• Exercise
Each line of the records that holds "maker" should be shown in full.

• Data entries
════════

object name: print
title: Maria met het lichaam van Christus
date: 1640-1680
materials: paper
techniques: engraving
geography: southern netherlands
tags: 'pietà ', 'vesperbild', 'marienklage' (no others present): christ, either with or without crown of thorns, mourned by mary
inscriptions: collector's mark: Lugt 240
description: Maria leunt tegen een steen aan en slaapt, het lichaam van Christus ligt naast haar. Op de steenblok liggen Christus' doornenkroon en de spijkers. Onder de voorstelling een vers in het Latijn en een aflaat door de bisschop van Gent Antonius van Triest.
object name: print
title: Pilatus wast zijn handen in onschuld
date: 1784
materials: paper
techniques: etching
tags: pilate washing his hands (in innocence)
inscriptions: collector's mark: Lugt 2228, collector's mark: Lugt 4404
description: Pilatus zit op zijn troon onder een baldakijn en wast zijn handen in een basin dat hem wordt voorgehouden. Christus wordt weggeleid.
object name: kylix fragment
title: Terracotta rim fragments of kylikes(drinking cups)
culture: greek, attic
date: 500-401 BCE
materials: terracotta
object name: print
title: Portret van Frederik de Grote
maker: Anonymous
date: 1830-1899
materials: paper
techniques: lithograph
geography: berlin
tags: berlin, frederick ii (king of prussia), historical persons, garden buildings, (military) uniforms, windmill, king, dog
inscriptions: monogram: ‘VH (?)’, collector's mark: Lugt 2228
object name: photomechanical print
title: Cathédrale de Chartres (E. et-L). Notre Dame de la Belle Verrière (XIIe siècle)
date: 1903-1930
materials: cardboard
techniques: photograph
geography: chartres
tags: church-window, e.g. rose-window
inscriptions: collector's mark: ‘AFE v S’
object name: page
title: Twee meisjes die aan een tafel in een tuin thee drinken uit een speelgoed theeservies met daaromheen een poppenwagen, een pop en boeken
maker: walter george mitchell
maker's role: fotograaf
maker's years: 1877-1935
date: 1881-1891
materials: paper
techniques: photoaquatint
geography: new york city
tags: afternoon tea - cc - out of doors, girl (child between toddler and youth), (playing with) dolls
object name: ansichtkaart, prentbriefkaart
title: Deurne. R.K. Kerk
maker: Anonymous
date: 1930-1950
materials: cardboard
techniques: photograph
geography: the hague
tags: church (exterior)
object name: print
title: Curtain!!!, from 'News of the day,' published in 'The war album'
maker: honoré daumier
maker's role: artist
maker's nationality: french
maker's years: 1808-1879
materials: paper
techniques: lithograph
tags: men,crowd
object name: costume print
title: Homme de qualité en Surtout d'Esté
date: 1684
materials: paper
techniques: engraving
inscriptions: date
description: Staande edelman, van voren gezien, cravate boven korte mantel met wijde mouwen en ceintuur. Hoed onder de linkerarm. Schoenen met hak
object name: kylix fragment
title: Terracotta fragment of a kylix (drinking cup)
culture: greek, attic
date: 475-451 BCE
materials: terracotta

════════

• Reply to the task
maker: Anonymous
maker: walter george mitchell
maker's role: fotograaf
maker's years: 1877-1935
maker: Anonymous
maker: honoré daumier
maker's role: artist
maker's nationality: french
maker's years: 1808-1879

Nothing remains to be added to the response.